Writes to m_Flags may not change m_Ident, even not temporarily because out-of-order-execution or instruction reordering. Locking the structure likely fixes the complaint, another fix is adding some padding as suggested by Oli. ->Oli: Could you verify that acquiring the lock before accessing m_Ident fixes the complaint? ->SB: As you said, the systematical right fix is acquiring the lock. Though for performance reasons I suggest to go with the padding approach. Comments?
"Writes to m_Flags may not change m_Ident, even not temporarily [due to] out-of-order-execution or instruction reordering." At least theoretically this is wrong. There is nothing in C++ nor Pthreads that would prohibit this. Practically though, this is more than unlikely (hence I used "should not"). "[The] systematical right fix is acquiring the lock. Though for performance reasons I suggest to go with the padding approach." I would opt for locking. For one, stick to "first make it right, then make it fast" (what makes you assume that locking here will degrade overall performance?).
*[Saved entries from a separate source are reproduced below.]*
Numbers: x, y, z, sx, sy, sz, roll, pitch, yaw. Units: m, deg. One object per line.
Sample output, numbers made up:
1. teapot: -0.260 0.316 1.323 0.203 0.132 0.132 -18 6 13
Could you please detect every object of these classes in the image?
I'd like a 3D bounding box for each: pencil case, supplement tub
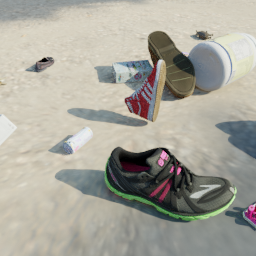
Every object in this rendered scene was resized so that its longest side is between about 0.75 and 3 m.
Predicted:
1. pencil case: -1.183 0.283 6.637 0.330 0.360 0.793 20 38 26
2. supplement tub: 3.191 -2.250 9.273 2.175 1.577 1.577 -26 42 -32

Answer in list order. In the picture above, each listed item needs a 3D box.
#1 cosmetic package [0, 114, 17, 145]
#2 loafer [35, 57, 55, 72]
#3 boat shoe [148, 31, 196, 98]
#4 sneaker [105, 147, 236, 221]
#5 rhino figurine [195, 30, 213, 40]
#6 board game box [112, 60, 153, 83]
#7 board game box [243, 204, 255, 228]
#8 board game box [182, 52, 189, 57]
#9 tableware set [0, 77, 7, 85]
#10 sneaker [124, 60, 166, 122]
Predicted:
1. cosmetic package: -2.854 0.224 5.738 0.594 0.427 1.053 5 50 54
2. loafer: -3.178 -2.540 10.758 0.433 0.380 1.206 8 35 11
3. boat shoe: 1.458 -2.006 9.384 1.027 0.970 2.855 -14 58 -4
4. sneaker: 0.698 0.926 5.091 2.454 1.028 0.942 9 35 13
5. rhino figurine: 3.705 -4.666 13.925 0.497 0.340 1.137 -12 35 -18
6. board game box: 0.173 -2.020 9.955 1.358 0.436 1.002 -6 35 -7
7. board game box: 3.411 1.645 4.727 2.015 0.261 2.016 -20 39 -26
8. board game box: 2.208 -2.631 10.901 0.605 0.367 0.759 21 40 28
9. tableware set: -4.611 -1.316 9.085 0.890 0.270 1.347 0 27 21
10. sneaker: 0.416 -0.999 7.177 0.907 1.612 0.574 19 26 20
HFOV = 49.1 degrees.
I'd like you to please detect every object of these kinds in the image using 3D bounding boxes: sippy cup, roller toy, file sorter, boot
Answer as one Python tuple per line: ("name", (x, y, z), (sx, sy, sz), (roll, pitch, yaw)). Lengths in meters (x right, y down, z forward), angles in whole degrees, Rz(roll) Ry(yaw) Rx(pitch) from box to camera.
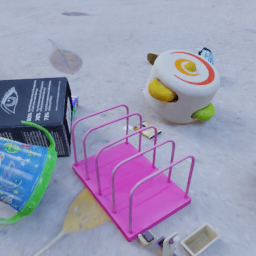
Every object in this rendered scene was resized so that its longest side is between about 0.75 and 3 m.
("sippy cup", (-2.779, 0.997, 6.609), (1.615, 1.731, 2.204), (28, 46, -22))
("roller toy", (1.916, -1.585, 10.113), (2.648, 1.850, 2.416), (9, 48, -10))
("file sorter", (0.021, 0.865, 7.242), (2.005, 1.810, 2.886), (-22, 42, -29))
("boot", (2.019, -3.601, 14.331), (1.801, 0.655, 1.400), (22, 41, 27))

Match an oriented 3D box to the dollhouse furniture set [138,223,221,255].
("dollhouse furniture set", (1.193, 2.217, 6.093), (1.551, 1.101, 1.229), (-23, 42, -28))

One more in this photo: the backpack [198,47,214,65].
("backpack", (3.429, -2.811, 12.877), (1.098, 1.165, 1.428), (32, 47, 10))

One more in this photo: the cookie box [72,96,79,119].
("cookie box", (-2.459, -0.823, 10.773), (0.936, 0.411, 1.094), (4, 37, 2))

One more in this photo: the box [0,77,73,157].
("box", (-3.344, -0.303, 8.823), (3.000, 1.565, 2.220), (-3, 47, -3))

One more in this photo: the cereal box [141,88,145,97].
("cereal box", (1.041, -1.401, 11.739), (0.713, 0.196, 0.990), (-10, 38, -13))

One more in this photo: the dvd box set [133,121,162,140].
("dvd box set", (0.678, 0.064, 9.825), (0.605, 0.122, 0.827), (-28, 45, -31))
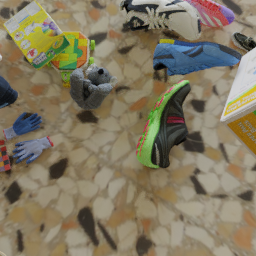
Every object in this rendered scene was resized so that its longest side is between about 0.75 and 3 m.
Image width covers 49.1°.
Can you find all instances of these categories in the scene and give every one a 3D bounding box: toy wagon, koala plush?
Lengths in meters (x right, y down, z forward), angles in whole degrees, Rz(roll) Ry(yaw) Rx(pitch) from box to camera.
[{"bbox_3d":[-1.920,-2.323,9.390,1.546,0.394,1.992,0,71,0],"label":"toy wagon"},{"bbox_3d":[-1.052,-1.405,8.826,1.266,1.312,1.428,27,53,-1],"label":"koala plush"}]

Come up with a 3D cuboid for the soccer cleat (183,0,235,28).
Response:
[{"bbox_3d":[2.516,-4.244,9.737,2.516,0.962,0.839,21,73,7],"label":"soccer cleat"}]

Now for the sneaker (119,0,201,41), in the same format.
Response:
[{"bbox_3d":[0.865,-3.645,9.424,1.943,1.192,2.986,-36,75,-10],"label":"sneaker"}]

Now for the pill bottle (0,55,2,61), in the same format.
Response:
[{"bbox_3d":[-5.354,-1.851,8.611,2.563,1.439,1.439,-42,76,-3],"label":"pill bottle"}]

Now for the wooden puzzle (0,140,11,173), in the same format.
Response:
[{"bbox_3d":[-3.987,0.998,8.435,0.763,0.090,1.287,-19,73,-6],"label":"wooden puzzle"}]

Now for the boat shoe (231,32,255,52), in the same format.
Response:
[{"bbox_3d":[4.129,-2.890,9.542,0.475,0.467,1.317,-43,77,-13],"label":"boat shoe"}]

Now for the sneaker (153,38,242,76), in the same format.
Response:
[{"bbox_3d":[1.590,-1.628,6.935,2.403,0.792,0.942,22,94,44],"label":"sneaker"}]

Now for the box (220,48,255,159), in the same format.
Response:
[{"bbox_3d":[3.047,-0.674,5.475,1.506,1.357,2.678,45,47,-9],"label":"box"}]

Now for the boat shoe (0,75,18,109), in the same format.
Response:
[{"bbox_3d":[-3.352,-0.387,6.189,0.968,2.819,1.186,34,63,-32],"label":"boat shoe"}]

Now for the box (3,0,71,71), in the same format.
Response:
[{"bbox_3d":[-2.937,-2.992,9.218,1.437,0.592,2.449,-38,64,-1],"label":"box"}]

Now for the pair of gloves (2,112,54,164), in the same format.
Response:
[{"bbox_3d":[-3.103,0.275,8.643,1.272,0.180,1.582,-26,74,-10],"label":"pair of gloves"}]

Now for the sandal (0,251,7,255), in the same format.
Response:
[{"bbox_3d":[-3.792,3.380,7.368,1.812,0.596,0.664,42,76,13],"label":"sandal"}]

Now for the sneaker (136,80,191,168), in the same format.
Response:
[{"bbox_3d":[1.243,-0.110,8.438,1.224,1.122,2.923,28,76,-10],"label":"sneaker"}]
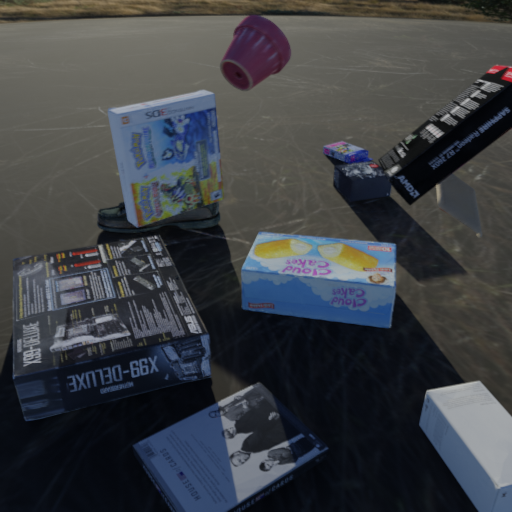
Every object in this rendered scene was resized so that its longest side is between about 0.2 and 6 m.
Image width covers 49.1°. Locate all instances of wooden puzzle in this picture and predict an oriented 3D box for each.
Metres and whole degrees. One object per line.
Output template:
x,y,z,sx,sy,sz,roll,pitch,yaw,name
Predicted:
3.454,-0.982,9.700,1.195,0.223,1.106,32,46,-25,wooden puzzle

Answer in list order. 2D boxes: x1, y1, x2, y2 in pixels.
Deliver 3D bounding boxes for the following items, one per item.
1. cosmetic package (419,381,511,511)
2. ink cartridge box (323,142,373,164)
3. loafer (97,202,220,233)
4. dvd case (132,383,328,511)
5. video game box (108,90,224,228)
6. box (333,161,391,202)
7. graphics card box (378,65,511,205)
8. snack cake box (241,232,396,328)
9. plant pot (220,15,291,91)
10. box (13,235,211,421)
2.748,2.307,6.779,0.835,0.658,1.552,-6,31,-12,cosmetic package
2.707,-3.032,16.520,0.797,0.280,1.336,-20,37,-30,ink cartridge box
-2.188,-1.106,12.528,2.746,0.864,0.987,-3,30,-5,loafer
-0.319,2.437,6.978,1.970,0.244,1.480,-20,36,-30,dvd case
-1.092,-1.248,7.144,1.344,1.475,0.345,-21,33,-27,video game box
2.690,-1.906,14.200,1.140,0.594,1.038,-10,32,-16,box
2.853,-1.767,8.076,2.232,0.568,1.400,-38,14,17,graphics card box
1.137,0.373,9.947,2.573,0.865,1.480,6,29,11,snack cake box
-0.113,-4.451,12.588,1.377,1.377,1.232,24,67,35,plant pot
-2.452,0.911,9.027,2.646,0.835,3.356,-11,32,-18,box
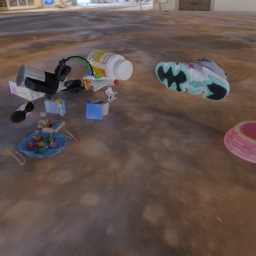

For another, padding would not make it that much better: as we argued, for practical purposes padding should not be needed; but for theoretical purposes, padding 16 bits between m_Ident and m_Flags would not change anything; the only thing that would be improved is the interaction with tools like Intel Inspector (which is improved by locking just as well).
Padding does address the complaints, practically solving this issue without the need to worry anymore, changing performance characteristics may lead to rework ;-) Anyway, please take over and change according to your preferences.
I checked the padding approach, this seems to satisfy the Inspector. I will not try the locking approach, since this will work anyway to get rid of the error.
getting rid of value "enhancement" for field "severity". For enhancement the field "issue type" shall be used.